A humorous thought, but this question stayed in my head. What *would* the web look like? What if we could only use named CSS colors on computers in general? What would the * entire world* look like in named CSS colors? Let's answer that question.

# Formalization

The mathmatician in me immediately started to generalize this question. Colors are often represented (on a computer at least) as a combination of a red, blue, and green values. Each of these color values is an integral value bounded between 0 and 255. Let's formalize.

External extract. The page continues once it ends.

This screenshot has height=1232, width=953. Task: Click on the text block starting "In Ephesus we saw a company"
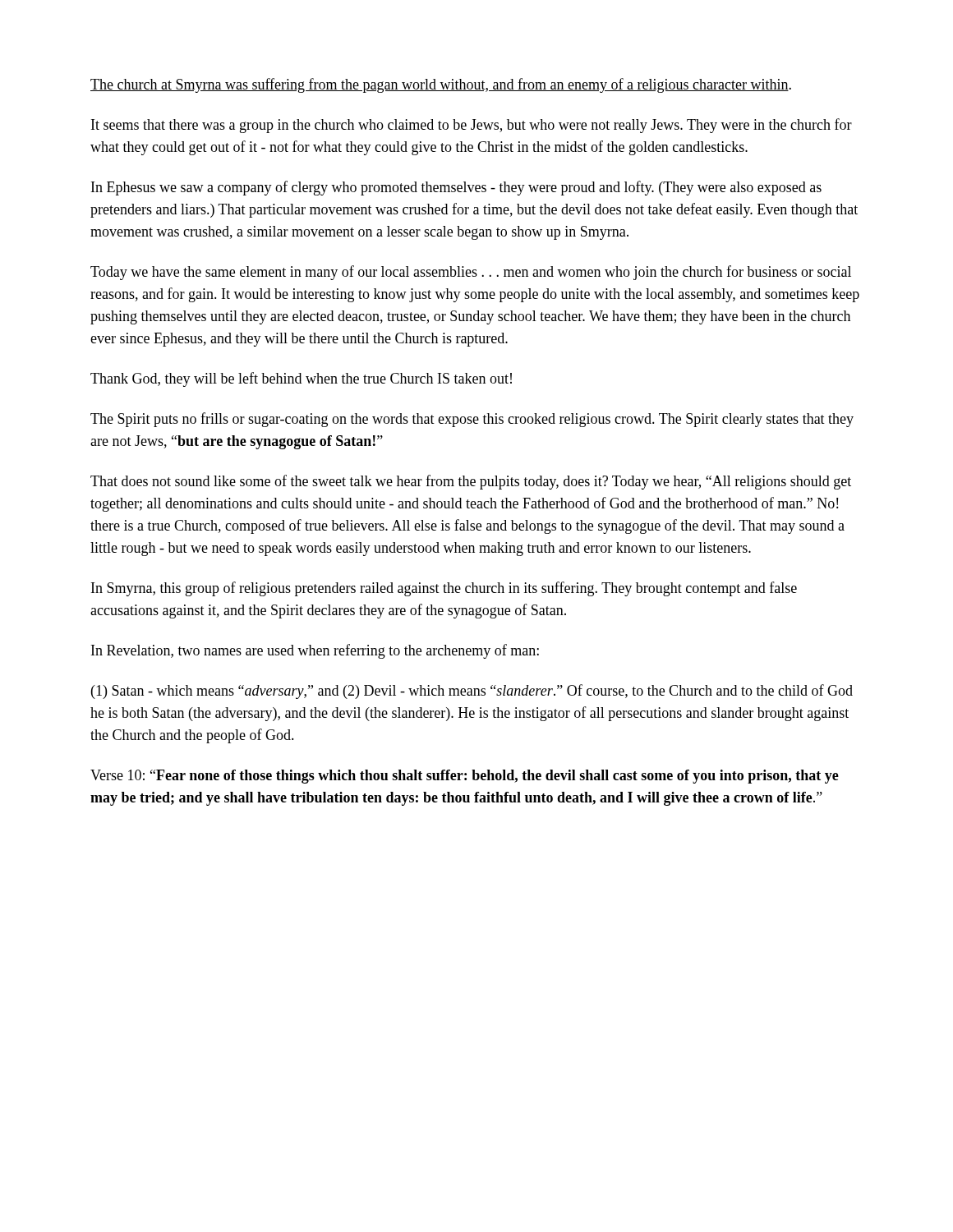coord(474,209)

We define a color $C$ to be a 3-dimensional vector $\begin{bmatrix} r \\ g \\ b \end{bmatrix}$ with

$$r, g, b \in \mathbb{Z} \text{ and } 0 \leq r, g, b \leq 255$$

To answer our question, we need to take some sort of image and convert every color in the image to one of the named CSS colors. Given a set of colors $S$ (in this case, $S$ contains the named CSS colors) and a query color $C$, which color in $S$ do we change $C$ to? I decided to use the Euclidean distance to determine this (those familiar with color gamuts are taking their palms to their faces after reading that, because RGB colors are not linearly related, and thus the euclidean distance in RGB space does not mean what it does in, say, real 3D space. If I were repeating this experiment, I would first convert to HSV before doing any calculations, where I would get a more accurate result. For the purposes of demonstrating the effectiveness of a k-d tree, RGB color space will suffice). We can use some tools from real analysis to formalize this. We can define the set of all possible colors $E$ as a 3-dimensional metric space with our metric, $d: E \times E \mapsto \mathbb{R}$, being the standard Euclidean distance.

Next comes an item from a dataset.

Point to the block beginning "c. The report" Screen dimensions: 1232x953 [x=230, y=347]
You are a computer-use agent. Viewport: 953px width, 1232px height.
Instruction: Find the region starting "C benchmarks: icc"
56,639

As a reminder, for n-dimensional vectors $d$ is defined as follows:

$$ d(\vec{x},\vec{y}) = \sqrt{\sum_{k=1}^{n} (x_{k} - y_{k})^2 } $$

We can now generalize our problem: given an n-dimensional metric space $E$, a set $S \subset E$, and a query point $q \in E$, what is the element $x \in S$ such that $\forall y \in S - \{ x \}$ we have $d(x,q) < d(y,q)$

In this generalization, $E$ is the metric space (treated as a set for breviy set) of all RGB colors, $S$ is the set of named CSS colors, $q$ is the query color in our image (that we must change to one of the named CSS colors), and $d$ is our Euclidean distance formula defined above.

As it turns out, this generalization is exactly the famous nearest neighbor problem. Finally we are getting to the title of this post...

# Solving the problem

For a single query color $q$, its hard to get much better than naive linear search. We iterate through every named color in our set and calculate the distance from $q$ to the named color. The named color that produced the minimum distance from $q$ is our nearest neighbor, and the the new color for $q$. For a standard 4k image, this requires 8,294,400 iterations over our color set, with each iteration taking linear time on the number of colors in the set. Since there are 148 named colors in the latest CSS spec, we will be doing **1.1 billion queries to our distance function**. This means 1.1 billion square roots and comparisons. That's not great... can we do better?

Astute readers will have realized that we don't actually need to perform any square root operations. If the distance between points A and B is greater than the distance between points A and C, then the distance squared between A and B will be greater than the distance squared between A and C. We don't care about the actual distance, just minimizing it. By taking out the square root, we have just saved quite a few clock cycles, but our algorithmic complexity has only improved by a constant amount. We can do much better than that.

If you read the title of this post, you have probably already realized that the applicaton of k-d trees is one solution.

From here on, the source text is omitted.